Most Supreme Court Republicans have been ruthless in applying the Purcell principle to revoke lower court orders to make voting easier. The Republican National Committee for example, the case where certain mailed ballots were ordered to be issued because of a lower court judge who ordered those ballots to be counted too close to election day. Justice Brett Kavanaugh is also based on Purcell’s principles when he participates in a restoration decision that requires absent South Carolina voters to be signed by a witness.
But the Court was less enthusiastic about the Purcell principle as Republicans tried to make voting more difficult.
In Pennsylvania Republican Party sued Boockvar, four judges – Clarence Thomas, Samuel Alito, Neil Gorsuch and Kavanaugh – all voted to change Pennsylvania’s electoral rules to rule out some late absentee votes. And they voted to make this change less than two weeks before the election.

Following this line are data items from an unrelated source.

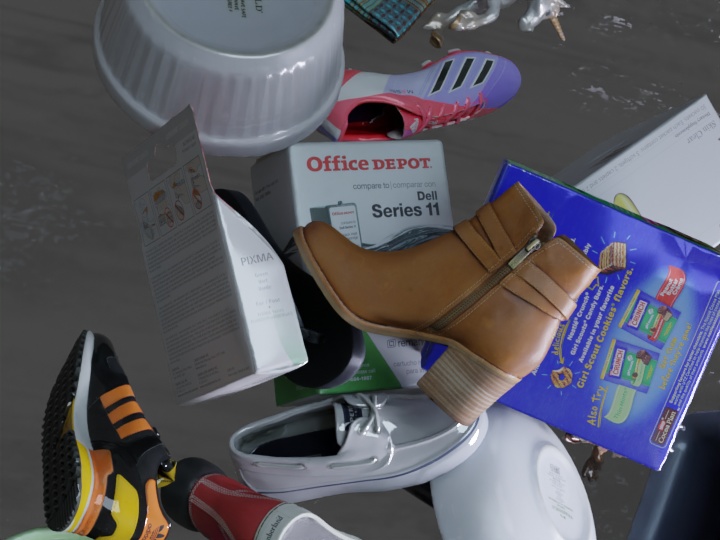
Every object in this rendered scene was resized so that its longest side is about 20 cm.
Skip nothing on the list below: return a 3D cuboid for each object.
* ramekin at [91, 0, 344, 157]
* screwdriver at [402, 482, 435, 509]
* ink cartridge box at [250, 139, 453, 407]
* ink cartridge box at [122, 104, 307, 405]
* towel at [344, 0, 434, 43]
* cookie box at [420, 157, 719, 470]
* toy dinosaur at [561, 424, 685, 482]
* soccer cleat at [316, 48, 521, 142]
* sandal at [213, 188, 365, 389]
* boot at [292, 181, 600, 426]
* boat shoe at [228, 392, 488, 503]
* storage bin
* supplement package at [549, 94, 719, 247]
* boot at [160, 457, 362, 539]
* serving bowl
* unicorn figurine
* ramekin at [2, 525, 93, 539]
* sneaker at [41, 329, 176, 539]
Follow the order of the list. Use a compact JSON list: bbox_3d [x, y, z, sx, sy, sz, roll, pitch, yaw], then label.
[{"bbox_3d":[-0.103,-0.194,1.488,0.200,0.095,0.204,7,55,-10],"label":"ramekin"},{"bbox_3d":[0.109,0.207,1.586,0.199,0.029,0.028,30,67,-18],"label":"screwdriver"},{"bbox_3d":[0.000,0.000,1.544,0.145,0.083,0.202,-4,81,-27],"label":"ink cartridge box"},{"bbox_3d":[-0.113,-0.009,1.444,0.050,0.161,0.202,-9,83,-28],"label":"ink cartridge box"},{"bbox_3d":[-0.008,-0.294,1.604,0.199,0.022,0.147,38,64,7],"label":"towel"},{"bbox_3d":[0.167,0.031,1.470,0.198,0.075,0.173,24,94,-2],"label":"cookie box"},{"bbox_3d":[0.228,0.093,1.608,0.086,0.135,0.201,40,61,-13],"label":"toy dinosaur"},{"bbox_3d":[0.050,-0.137,1.598,0.198,0.067,0.077,-6,41,-24],"label":"soccer cleat"},{"bbox_3d":[-0.073,0.018,1.471,0.200,0.076,0.043,46,23,29],"label":"sandal"},{"bbox_3d":[0.061,-0.007,1.397,0.200,0.077,0.156,44,102,15],"label":"boot"},{"bbox_3d":[-0.003,0.127,1.466,0.198,0.066,0.074,-18,48,5],"label":"boat shoe"},{"bbox_3d":[0.324,0.237,1.636,0.134,0.145,0.201,34,66,-27],"label":"storage bin"},{"bbox_3d":[0.209,-0.037,1.618,0.199,0.155,0.111,-35,96,-29],"label":"supplement package"},{"bbox_3d":[-0.069,0.206,1.473,0.073,0.143,0.200,-58,144,-14],"label":"boot"},{"bbox_3d":[0.133,0.188,1.525,0.200,0.065,0.201,43,35,-39],"label":"serving bowl"},{"bbox_3d":[0.094,-0.250,1.652,0.137,0.074,0.200,-43,99,-29],"label":"unicorn figurine"},{"bbox_3d":[-0.222,0.284,1.359,0.198,0.098,0.202,6,76,-26],"label":"ramekin"},{"bbox_3d":[-0.177,0.125,1.393,0.089,0.070,0.201,21,29,-20],"label":"sneaker"}]

Notably, newly confirmed Justice Amy Coney Barrett was not present in Court when Republican Party first coming before judges. It is likely that she will give a fifth vote to change Pennsylvania’s election rules to make them even harsher, if she did. Republican Party case.
Judges Thomas, Alito and Gorsuch, meanwhile, threatened to throw Pennsylvania relevant ballots after The election took place. And they could do the same thing in a similar case in North Carolina.
With this behavior, it is understandable why Hollins decided to shut down nine poll sites. Election attorneys can no longer give reliable advice to their clients about what that client can and cannot do. And the Supreme Court seems to be applying the same doctrines as the Purcell erratic rule – or maybe even a party -.
For these reasons, district secretaries like Hollins cannot be sure that their actions will be accepted by the court or that voters will not dispose of their ballot for arbitrary reasons, even if the law is present. Practice states that such votes should be counted. That means that the polling places will be closed and election officials will take other actions that make voting more difficult, not because the law requires such actions, but because because election officials feel unsure about what the courts will do.